The entire show had been built around him and his quest to regain the WWE world title.
To do so, he would first have to defeat Triple H in the night's opening match. He did, besting The Game in a brilliantly wrestled match that ended with his trademark running knee. Then, he would have to defeat Batista and Randy Orton in a Triple Threat main event.
Limping to the ring after having endured a powerbomb/neckbreaker combo through the announce table, Danielson was hellbent on doing just that. And he did, tapping Batista out to the YES! Lock to the delight of the 75,000-plus fans inside the historic Louisiana Superdome.
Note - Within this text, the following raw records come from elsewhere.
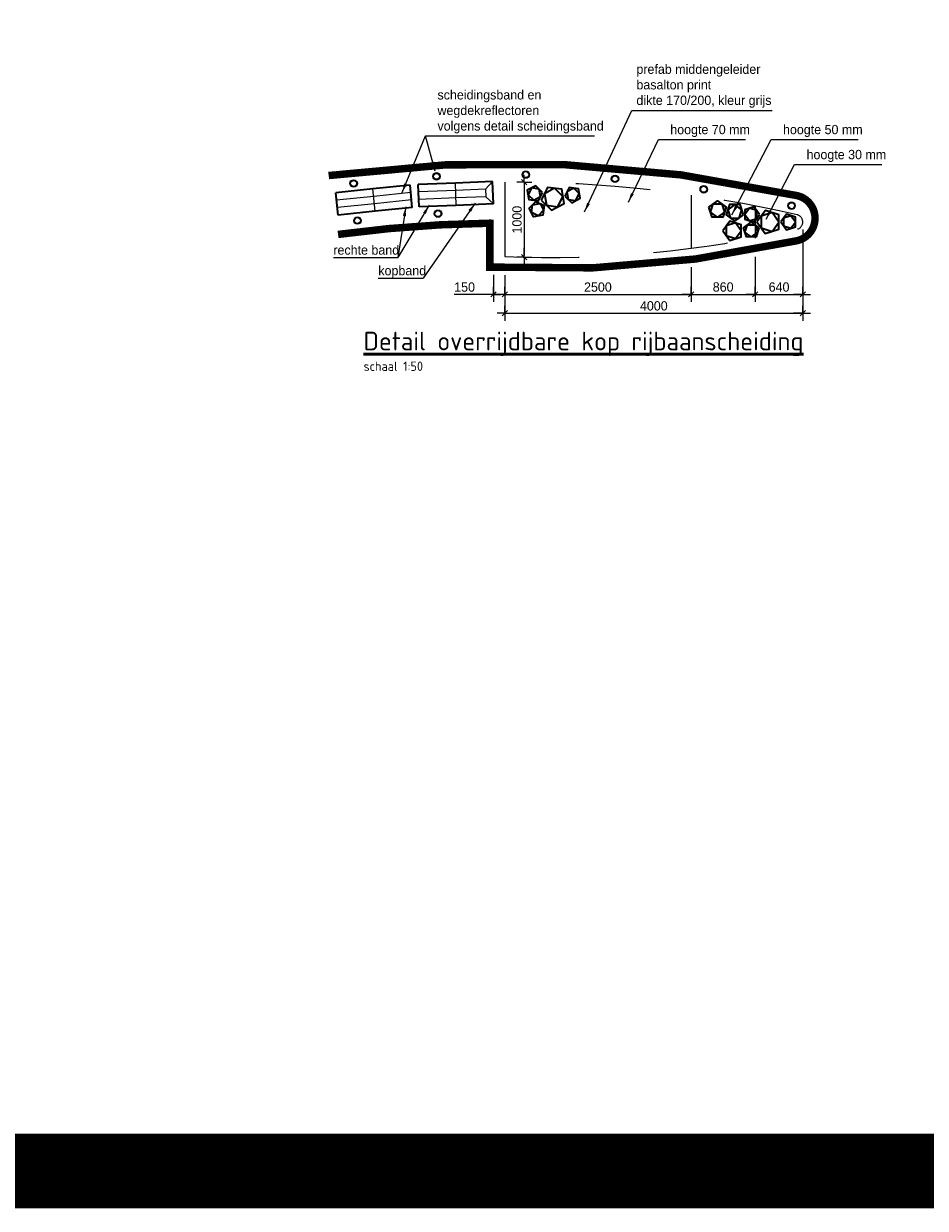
# Model space of a CAD drawing. Header units: metres. Extents: x -699 to 2316, y -1199 to 781.
# Tile 182 of 256: x 4 to 16, y -64 to -48. Entities that reach past the tile are written whole.
import ezdxf
from ezdxf.enums import TextEntityAlignment as Align

# ---------------------------------------------------------------- set-up
doc = ezdxf.new("R2010")
doc.units = ezdxf.units.M
doc.header["$PDMODE"] = 1
doc.linetypes.add('11strp', pattern=[2, 1, -1])
for name, color, linetype, lineweight in [('N-WE-VH-KANTOPSLUITING-G', 251, 'Continuous', 35), ('N-WE-VH-VERHARDING_BASALTONVERHARDING-G', 252, 'Continuous', 35), ('N-WE-VH-VERHARDING_KANTSTROOKVERRUWING-G', 250, '11strp', 5), ('N-WE-VW-MARKERING_DIVERS-G', 7, 'Continuous', 18), ('X-XX-AL-M', 7, 'Continuous', 18), ('X-XX-AL-T25', 7, 'Continuous', 25), ('X-XX-AL-T50', 130, 'Continuous', 50)]:
    doc.layers.add(name, color=color, linetype=linetype, lineweight=lineweight)
doc.layers.add('to-xx-view', color=1, linetype='Continuous', lineweight=25, plot=False)
doc.styles.add('NLCS-ISO', font='NLCS-ISO.ttf')
doc.styles.add('rtw_iso', font='iso-rtw.shx')
doc.dimstyles.new('RTW-LGL-50', dxfattribs={"dimtxt": 0.125, "dimasz": 0.025, "dimexe": 0.1, "dimexo": 0.1, "dimgap": 0.035, "dimtad": 1, "dimdec": 3, "dimzin": 0, "dimtxsty": 'rtw_iso', "dimblk1": 'RTW-L_ARR-v1', "dimblk2": 'RTW-L_ARR-v1', "dimsah": 1, "dimcen": 2.5, "dimdle": 2, "dimclrd": 8, "dimclre": 8, "dimclrt": 256, "dimaunit": 2, "dimadec": 6, "dimazin": 0, "dimtfac": 1, "dimtdec": 4, "dimtmove": 0, "dimatfit": 0, "dimldrblk": 'RTW-L_ARR-v1', "dimfxl": 1, "dimtolj": 1, "dimtzin": 0, "dimlwd": 18, "dimlwe": 18, "dimarcsym": 0})
doc.dimstyles.new('RTW-LGL-50-B', dxfattribs={"dimtxt": 0.125, "dimasz": 0.025, "dimexe": 0.1, "dimexo": 0.1, "dimgap": 0.035, "dimtad": 1, "dimdec": 0, "dimlfac": 1000, "dimzin": 0, "dimdsep": 46, "dimtxsty": 'rtw_iso', "dimblk1": 'RTW-L_ARR-v1', "dimblk2": 'RTW-L_ARR-v1', "dimsah": 1, "dimcen": 2.5, "dimdle": 2, "dimclrd": 8, "dimclre": 8, "dimclrt": 256, "dimaunit": 2, "dimadec": 6, "dimazin": 0, "dimtfac": 1, "dimtdec": 4, "dimtmove": 0, "dimatfit": 0, "dimldrblk": 'RTW-L_ARR-v1', "dimfxl": 1, "dimtolj": 1, "dimtzin": 0, "dimlwd": 18, "dimlwe": 18, "dimarcsym": 0})
doc.dimstyles.new('RTW-LGO-50', dxfattribs={"dimtxt": 0.125, "dimasz": 0.025, "dimexe": 0.1, "dimexo": 0.1, "dimgap": 0.035, "dimtad": 1, "dimdec": 3, "dimzin": 0, "dimtxsty": 'rtw_iso', "dimblk1": 'RTW-TIC-V1', "dimblk2": 'RTW-TIC-V1', "dimsah": 1, "dimcen": 2.5, "dimdle": 2, "dimclrd": 8, "dimclre": 8, "dimclrt": 256, "dimaunit": 2, "dimadec": 6, "dimazin": 0, "dimtfac": 1, "dimtdec": 4, "dimtmove": 0, "dimatfit": 0, "dimldrblk": 'RTW-TIC-V1', "dimfxl": 1, "dimtolj": 1, "dimtzin": 0, "dimlwd": 18, "dimlwe": 18, "dimarcsym": 0})
doc.dimstyles.new('RTW-LGO-50-B', dxfattribs={"dimtxt": 0.125, "dimasz": 0.025, "dimexe": 0.1, "dimexo": 0.1, "dimgap": 0.035, "dimtad": 1, "dimdec": 0, "dimlfac": 1000, "dimzin": 0, "dimtxsty": 'rtw_iso', "dimblk1": 'RTW-TIC-V1', "dimblk2": 'RTW-TIC-V1', "dimsah": 1, "dimcen": 2.5, "dimdle": 2, "dimclrd": 8, "dimclre": 8, "dimclrt": 256, "dimaunit": 2, "dimadec": 6, "dimazin": 0, "dimtfac": 1, "dimtdec": 4, "dimtmove": 0, "dimatfit": 0, "dimldrblk": 'RTW-TIC-V1', "dimfxl": 1, "dimtolj": 1, "dimtzin": 0, "dimlwd": 18, "dimlwe": 18, "dimarcsym": 0})

# ---------------------------------------------------------------- blocks, each defined once
blk = doc.blocks.new('RTW-L_ARR-v1')
at = {"color": 0, "linetype": 'ByBlock', "lineweight": 18}
blk.add_solid([(-5, 0.83), (-5, -0.83), (0, 0)], dxfattribs=at)
blk = doc.blocks.new('RTW-TIC-V1')
at = {"color": 0, "lineweight": 18}
for p, q in [((0, 0), (-5, 0)), ((-1.41, -1.41), (1.41, 1.41)), ((0, 0), (0, 4)), ((0, 0), (4, 0)), ((0, 0), (0, -4))]:
    blk.add_line(p, q, dxfattribs=at)
blk = doc.blocks.new('*D1001')
at = {"layer": 'Defpoints', "color": 0, "transparency": 16777216}
for p in [(12.463, -51.588), (9.963, -51.698), (12.463, -52.054)]:
    blk.add_point(p, dxfattribs=at)
at = {"layer": 'X-XX-AL-M', "lineweight": 18, "transparency": 16777216}
for p, q in [((12.463, -51.688), (12.463, -52.154)), ((9.963, -51.798), (9.963, -52.154)), ((9.988, -52.054), (12.438, -52.054))]:
    blk.add_line(p, q, dxfattribs=at)
at = {"layer": 'X-XX-AL-M', "lineweight": 18, "transparency": 16777216, "xscale": 0.025, "yscale": 0.025, "zscale": 0.025, "rotation": 180}
blk.add_blockref('RTW-TIC-V1', (9.963, -52.054), dxfattribs=at)
at = {"layer": 'X-XX-AL-M', "lineweight": 18, "transparency": 16777216, "xscale": 0.025, "yscale": 0.025, "zscale": 0.025}
blk.add_blockref('RTW-TIC-V1', (12.463, -52.054), dxfattribs=at)
at = {"layer": 'X-XX-AL-M', "transparency": 16777216, "insert": (11.213, -51.957), "char_height": 0.125, "attachment_point": 5, "style": 'rtw_iso'}
blk.add_mtext('\\A1;2500', dxfattribs=at)
blk = doc.blocks.new('*D1002')
at = {"layer": 'Defpoints', "color": 0, "transparency": 16777216}
for p in [(13.323, -51.452), (12.463, -51.588), (13.323, -52.054)]:
    blk.add_point(p, dxfattribs=at)
at = {"layer": 'X-XX-AL-M', "lineweight": 18, "transparency": 16777216}
for p, q in [((13.323, -51.552), (13.323, -52.154)), ((12.463, -51.688), (12.463, -52.154)), ((12.488, -52.054), (13.298, -52.054))]:
    blk.add_line(p, q, dxfattribs=at)
at = {"layer": 'X-XX-AL-M', "lineweight": 18, "transparency": 16777216, "xscale": 0.025, "yscale": 0.025, "zscale": 0.025, "rotation": 180}
blk.add_blockref('RTW-TIC-V1', (12.463, -52.054), dxfattribs=at)
at = {"layer": 'X-XX-AL-M', "lineweight": 18, "transparency": 16777216, "xscale": 0.025, "yscale": 0.025, "zscale": 0.025}
blk.add_blockref('RTW-TIC-V1', (13.323, -52.054), dxfattribs=at)
at = {"layer": 'X-XX-AL-M', "transparency": 16777216, "insert": (12.893, -51.956), "char_height": 0.125, "attachment_point": 5, "style": 'rtw_iso'}
blk.add_mtext('\\A1;860', dxfattribs=at)
blk = doc.blocks.new('*D1003')
at = {"layer": 'Defpoints', "color": 0, "transparency": 16777216}
for p in [(9.813, -51.692), (9.963, -51.698), (9.963, -52.054)]:
    blk.add_point(p, dxfattribs=at)
at = {"layer": 'X-XX-AL-M', "lineweight": 18, "transparency": 16777216}
for p, q in [((9.813, -51.792), (9.813, -52.154)), ((9.963, -51.798), (9.963, -52.154)), ((9.788, -52.054), (9.287, -52.054)), ((9.963, -52.054), (9.813, -52.054)), ((9.988, -52.054), (10.013, -52.054))]:
    blk.add_line(p, q, dxfattribs=at)
at = {"layer": 'X-XX-AL-M', "lineweight": 18, "transparency": 16777216, "xscale": 0.025, "yscale": 0.025, "zscale": 0.025}
blk.add_blockref('RTW-TIC-V1', (9.813, -52.054), dxfattribs=at)
at = {"layer": 'X-XX-AL-M', "lineweight": 18, "transparency": 16777216, "xscale": 0.025, "yscale": 0.025, "zscale": 0.025, "rotation": 180}
blk.add_blockref('RTW-TIC-V1', (9.963, -52.054), dxfattribs=at)
at = {"layer": 'X-XX-AL-M', "transparency": 16777216, "insert": (9.425, -51.957), "char_height": 0.125, "attachment_point": 5, "style": 'rtw_iso'}
blk.add_mtext('\\A1;150', dxfattribs=at)
blk = doc.blocks.new('*D1004')
at = {"layer": 'Defpoints', "color": 0, "transparency": 16777216}
for p in [(13.963, -51.084), (13.323, -51.452), (13.963, -52.054)]:
    blk.add_point(p, dxfattribs=at)
at = {"layer": 'X-XX-AL-M', "lineweight": 18, "transparency": 16777216}
for p, q in [((13.963, -51.184), (13.963, -52.154)), ((13.323, -51.552), (13.323, -52.154)), ((13.348, -52.054), (13.938, -52.054))]:
    blk.add_line(p, q, dxfattribs=at)
at = {"layer": 'X-XX-AL-M', "lineweight": 18, "transparency": 16777216, "xscale": 0.025, "yscale": 0.025, "zscale": 0.025, "rotation": 180}
blk.add_blockref('RTW-TIC-V1', (13.323, -52.054), dxfattribs=at)
at = {"layer": 'X-XX-AL-M', "lineweight": 18, "transparency": 16777216, "xscale": 0.025, "yscale": 0.025, "zscale": 0.025}
blk.add_blockref('RTW-TIC-V1', (13.963, -52.054), dxfattribs=at)
at = {"layer": 'X-XX-AL-M', "transparency": 16777216, "insert": (13.643, -51.956), "char_height": 0.125, "attachment_point": 5, "style": 'rtw_iso'}
blk.add_mtext('\\A1;640', dxfattribs=at)
blk = doc.blocks.new('RTW-L_ARR')
at = {"color": 0, "linetype": 'ByBlock', "lineweight": 18}
blk.add_solid([(-1, 0.17), (-1, -0.17), (0, 0)], dxfattribs=at)
blk = doc.blocks.new('*D1005')
at = {"layer": 'Defpoints', "color": 0, "transparency": 16777216}
for p in [(13.963, -51.084), (9.963, -51.698), (13.963, -52.307)]:
    blk.add_point(p, dxfattribs=at)
at = {"layer": 'X-XX-AL-M', "lineweight": 18, "transparency": 16777216}
for p, q in [((13.963, -51.184), (13.963, -52.407)), ((9.963, -51.798), (9.963, -52.407)), ((9.988, -52.307), (13.938, -52.307))]:
    blk.add_line(p, q, dxfattribs=at)
at = {"layer": 'X-XX-AL-M', "lineweight": 18, "transparency": 16777216, "xscale": 0.025, "yscale": 0.025, "zscale": 0.025, "rotation": 180}
blk.add_blockref('RTW-TIC-V1', (9.963, -52.307), dxfattribs=at)
at = {"layer": 'X-XX-AL-M', "lineweight": 18, "transparency": 16777216, "xscale": 0.025, "yscale": 0.025, "zscale": 0.025}
blk.add_blockref('RTW-TIC-V1', (13.963, -52.307), dxfattribs=at)
at = {"layer": 'X-XX-AL-M', "transparency": 16777216, "insert": (11.963, -52.209), "char_height": 0.125, "attachment_point": 5, "style": 'rtw_iso'}
blk.add_mtext('\\A1;4000', dxfattribs=at)
blk = doc.blocks.new('*D1006')
at = {"layer": 'Defpoints', "color": 0, "transparency": 16777216}
for p in [(10.225, -50.55), (10.225, -51.556), (10.225, -51.556)]:
    blk.add_point(p, dxfattribs=at)
at = {"layer": 'X-XX-AL-M', "lineweight": 18, "transparency": 16777216}
blk.add_line((10.225, -50.575), (10.225, -51.531), dxfattribs=at)
at = {"layer": 'X-XX-AL-M', "lineweight": 18, "transparency": 16777216, "xscale": 0.025, "yscale": 0.025, "zscale": 0.025}
for p, rotation in [((10.225, -50.55), 90), ((10.225, -51.556), 270)]:
    blk.add_blockref('RTW-TIC-V1', p, dxfattribs=dict(at, rotation=rotation))
at = {"layer": 'X-XX-AL-M', "transparency": 16777216, "insert": (10.128, -51.053), "char_height": 0.125, "attachment_point": 5, "rotation": 90, "style": 'rtw_iso'}
blk.add_mtext('\\A1;1000', dxfattribs=at)
blk = doc.blocks.new('basalt')
at = {"linetype": 'Continuous'}
for points in [[(0.324, 0.381), (0, 0.617), (-0.324, 0.381), (-0.2, 0), (0.2, 0)], [(0.262, 0.191), (0.162, 0.499), (-0.162, 0.499), (-0.262, 0.191), (0, 0)]]:
    blk.add_lwpolyline(points, close=True, dxfattribs=at)

msp = doc.modelspace()

# ---------------------------------------------------------------- linework, layer by layer
at = {"layer": 'N-WE-VH-KANTOPSLUITING-G'}
for p, q in [((8.1952, -50.6409), (7.6979, -50.6924)), ((8.6926, -50.5895), (8.1952, -50.6409)), ((8.7235, -50.8879), (8.6926, -50.5895)), ((9.3018, -50.5619), (8.8022, -50.5816)), ((8.814, -50.8814), (8.8022, -50.5816)), ((9.8014, -50.5421), (9.3018, -50.5619)), ((9.8132, -50.8419), (9.8014, -50.5421)), ((7.7288, -50.9908), (7.6979, -50.6924)), ((8.2261, -50.9394), (7.7288, -50.9908)), ((8.7235, -50.8879), (8.2261, -50.9394)), ((9.3136, -50.8616), (8.814, -50.8814)), ((9.8132, -50.8419), (9.3136, -50.8616))]:
    msp.add_line(p, q, dxfattribs=at)
at = {"layer": 'N-WE-VH-KANTOPSLUITING-G', "lineweight": 9}
for p, q in [((8.2261, -50.9394), (8.1952, -50.6409)), ((9.3057, -50.6618), (8.8061, -50.6816)), ((9.3136, -50.8616), (9.3018, -50.5619)), ((9.7054, -50.646), (9.3057, -50.6618)), ((8.2055, -50.7404), (7.7082, -50.7919)), ((8.7029, -50.6889), (8.2055, -50.7404)), ((8.7132, -50.7884), (8.2158, -50.8399)), ((9.3097, -50.7617), (8.8101, -50.7815)), ((9.7094, -50.7459), (9.3097, -50.7617)), ((8.2158, -50.8399), (7.7185, -50.8914))]:
    msp.add_line(p, q, dxfattribs=at)
at = {"layer": 'N-WE-VH-KANTOPSLUITING-G', "lineweight": 9, "flags": 128}
msp.add_lwpolyline([(9.8014, -50.5421), (9.7054, -50.646), (9.7094, -50.7459), (9.8132, -50.8419)], dxfattribs=at)
at = {"layer": 'N-WE-VH-KANTOPSLUITING-G', "lineweight": 9}
for centre, radius in [((9.048, -50.4718), 0.05), ((9.048, -50.4718), 0.04), ((10.2459, -50.4481), 0.05), ((10.2459, -50.4481), 0.04), ((11.4427, -50.5061), 0.05), ((11.4427, -50.5061), 0.04), ((7.9363, -50.5672), 0.05), ((7.9363, -50.5672), 0.04), ((12.6327, -50.6455), 0.05), ((12.6327, -50.6455), 0.04), ((13.8104, -50.8657), 0.05), ((9.0678, -50.9714), 0.05), ((9.0678, -50.9714), 0.04), ((13.8104, -50.8657), 0.04), ((7.9877, -51.0646), 0.05), ((7.9877, -51.0646), 0.04)]:
    msp.add_circle(centre, radius, dxfattribs=at)
at = {"layer": 'N-WE-VH-VERHARDING_KANTSTROOKVERRUWING-G'}
msp.add_line((9.9628, -50.5483), (9.9628, -51.5482), dxfattribs=at)
at = {"layer": 'N-WE-VH-VERHARDING_KANTSTROOKVERRUWING-G', "lineweight": 5}
for p, q in [((12.4627, -50.7233), (12.4627, -51.437)), ((13.3227, -50.8681), (13.3227, -51.2994))]:
    msp.add_line(p, q, dxfattribs=at)
at = {"layer": 'N-WE-VH-VERHARDING_KANTSTROOKVERRUWING-G'}
for centre, radius, start, end in [((9.9971, -67.9976), 17.4493, 77.12472, 90.11241), ((13.8612, -51.084), 0.1, 285.69974, 76.06866), ((10.5583, -36.7781), 14.7822, 267.69118, 283.01877)]:
    msp.add_arc(centre, radius, start, end, dxfattribs=at)
at = {"layer": 'N-WE-VW-MARKERING_DIVERS-G', "color": 253, "const_width": 0.1}
for points in [[(9.7628, -51.689, 0.0696047), (13.8849, -51.3349, 0.7985851), (13.884, -50.7303, 0.0895283), (7.6018, -50.4611)], [(9.7824, -51.0995, 0.0305111), (7.7274, -51.2506)]]:
    msp.add_lwpolyline(points, format="xyb", dxfattribs=at)
msp.add_lwpolyline([(9.7628, -51.0512), (9.7628, -51.739)], dxfattribs=at)
at = {"layer": 'to-xx-view', "const_width": 1}
msp.add_lwpolyline([(-8.0838, -38.3644), (36.9945, -38.3644), (36.9945, -63.807), (-8.0838, -63.807)], close=True, dxfattribs=at)
at = {"layer": 'X-XX-AL-M', "lineweight": 18}
for p, q in [((7.6642, -51.5596), (8.5275, -51.5596)), ((8.2677, -51.8359), (8.8697, -51.8359))]:
    msp.add_line(p, q, dxfattribs=at)
msp.add_lwpolyline([(8.5856, -50.6901), (8.9011, -49.931), (11.1671, -49.931)], dxfattribs=at)

# ---------------------------------------------------------------- block references
at = {"layer": 'N-WE-VH-VERHARDING_BASALTONVERHARDING-G'}
for p, xscale, yscale, zscale, rotation in [((10.3517, -50.7933), 0.3200000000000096, 0.3200000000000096, 0.3200000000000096, 352.0619821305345), ((10.6329, -50.6327), 0.4800000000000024, 0.4800000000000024, 0.4800000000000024, 172.0619821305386), ((10.8892, -50.6298), 0.3200000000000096, 0.3200000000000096, 0.3200000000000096, 172.0619821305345), ((10.3344, -50.8539), -0.3200000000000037, 0.3199999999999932, 0.3200000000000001, 226.0619821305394), ((12.8167, -51.0209), -0.3600000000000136, 0.3599999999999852, 0.3600000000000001, 359.9999999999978), ((12.9926, -51.0309), 0.3600000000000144, 0.3600000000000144, 0.3600000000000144, 323.9999999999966), ((13.2454, -51.0672), 0.3200000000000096, 0.3200000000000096, 0.3200000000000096, 341.9999999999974), ((13.5504, -50.9581), 0.4800000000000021, 0.4800000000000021, 0.4800000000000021, 162.0000000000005), ((13.8032, -51.0001), 0.3200000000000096, 0.3200000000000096, 0.3200000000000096, 161.9999999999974), ((13.0584, -51.0968), 0.400000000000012, 0.400000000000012, 0.400000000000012, 161.9999999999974), ((13.2178, -51.1238), -0.3200000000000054, 0.3199999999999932, 0.3200000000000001, 216.0000000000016)]:
    msp.add_blockref('basalt', p, dxfattribs=dict(at, xscale=xscale, yscale=yscale, zscale=zscale, rotation=rotation))
at = {"layer": 'X-XX-AL-M', "lineweight": 18, "xscale": 0.1250000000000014, "yscale": 0.1250000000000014, "zscale": 0.1250000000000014, "rotation": 247.2845330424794}
msp.add_blockref('RTW-L_ARR', (8.5856, -50.6901), dxfattribs=at)

# ---------------------------------------------------------------- texts
at = {"layer": 'X-XX-AL-M', "style": 'rtw_iso'}
for s, p in [('rechte band', (7.6642, -51.5596)), ('kopband', (8.2677, -51.8359))]:
    msp.add_text(s, height=0.125, dxfattribs=at).set_placement(p, align=Align.BOTTOM_LEFT)
at = {"layer": 'X-XX-AL-M', "char_height": 0.125, "attachment_point": 7, "style": 'rtw_iso'}
for s, insert in [('prefab middengeleider\\Pbasalton print\\Pdikte 170/200, kleur grijs', (11.7296, -49.5523)), ('scheidingsband en\\Pwegdekreflectoren\\Pvolgens detail scheidingsband', (9.0611, -49.896)), ('hoogte 70 mm', (12.1838, -49.9446)), ('hoogte 50 mm', (13.6961, -49.9446)), ('hoogte 30 mm', (14.012, -50.2802))]:
    msp.add_mtext(s, dxfattribs=dict(at, insert=insert))
at = {"layer": 'X-XX-AL-T25', "style": 'NLCS-ISO'}
msp.add_text('schaal 1:50', height=0.125, dxfattribs=at).set_placement((8.0697, -53.0801))
at = {"layer": 'X-XX-AL-T50', "style": 'NLCS-ISO'}
msp.add_text('%%UDetail overrijdbare kop rijbaanscheiding', height=0.25, dxfattribs=at).set_placement((8.0697, -52.8051))

# ---------------------------------------------------------------- dimensions: what is measured, and where the dimension line sits
at = {"layer": 'X-XX-AL-M'}
dim = msp.add_linear_dim(base=(10.2251, -51.5565), p1=(10.2251, -50.5497), p2=(10.2251, -51.5565), angle=90, text='1000', dimstyle='RTW-LGO-50', dxfattribs=at)
dim.commit()
dim.dimension.update_dxf_attribs({"geometry": '*D1006', "text_midpoint": (10.1276, -51.0531)})
for base, p1, p2, picture, middle in [((13.9628, -52.3065), (9.9628, -51.6983), (13.9628, -51.084), '*D1005', (11.963, -52.3065)), ((9.9628, -52.054), (9.8127, -51.6916), (9.9628, -51.6983), '*D1003', (9.4251, -52.054))]:
    dim = msp.add_linear_dim(base=base, p1=p1, p2=p2, dimstyle='RTW-LGO-50-B', dxfattribs=at)
    dim.commit()
    dim.dimension.update_dxf_attribs({"geometry": picture, "text_midpoint": middle, "dimtype": 160})
for base, p1, p2, picture, middle in [((13.9628, -52.0538), (13.3228, -51.4521), (13.9628, -51.084), '*D1004', (13.6428, -51.9563)), ((13.3228, -52.0538), (12.4628, -51.5883), (13.3228, -51.4521), '*D1002', (12.8928, -51.9563)), ((12.4628, -52.054), (9.9628, -51.6983), (12.4628, -51.5883), '*D1001', (11.2128, -51.9565))]:
    dim = msp.add_linear_dim(base=base, p1=p1, p2=p2, dimstyle='RTW-LGO-50-B', dxfattribs=at)
    dim.commit()
    dim.dimension.update_dxf_attribs({"geometry": picture, "text_midpoint": middle})

# ---------------------------------------------------------------- leaders
at = {"layer": 'X-XX-AL-M', "annotation_type": 0, "has_hookline": 1, "hookline_direction": 0, "text_width": 1.8214}
msp.add_leader([(11.034, -50.9481), (11.6696, -49.5873), (11.6946, -49.5873)], dimstyle='RTW-LGL-50', dxfattribs=at)
at = {"layer": 'X-XX-AL-M'}
for points, dimstyle in [([(9.0307, -50.4011), (8.9011, -49.931)], 'RTW-LGL-50-B'), ([(11.6213, -50.817), (12.0238, -49.9796), (13.1921, -49.9796)], 'RTW-LGL-50'), ([(13.0116, -50.9866), (13.5361, -49.9796), (14.7035, -49.9796)], 'RTW-LGL-50'), ([(13.47, -51.0472), (13.852, -50.3152), (15.021, -50.3152)], 'RTW-LGL-50'), ([(8.9501, -50.86), (8.5275, -51.5596)], 'RTW-LGL-50-B'), ([(8.6362, -50.8801), (8.5275, -51.5596)], 'RTW-LGL-50-B'), ([(9.5661, -50.8332), (8.8697, -51.8359)], 'RTW-LGL-50-B')]:
    msp.add_leader(points, dimstyle=dimstyle, dxfattribs=at)

doc.saveas('drawing.dxf')

The image of Danielson kneeling in the center of the ring, with the WWE and world titles in his hands as pyro erupted and confetti fell from the sky, once felt improbable. The company had done everything it possibly could to shift the focus away from him, but the performer's resiliency and the will of the fans earned him that moment.
It was the culmination of months of hard work, unwavering dedication from his supporters and one of the best stories in modern WWE history. Most importantly, it was a WrestleMania moment the likes of which define its participants.
For Danielson, that is exactly what has happened. No matter what happens moving forward, how much he accomplishes in AEW or if he returns to WWE, he will forever be defined by the night that WrestleMania became YESleMania.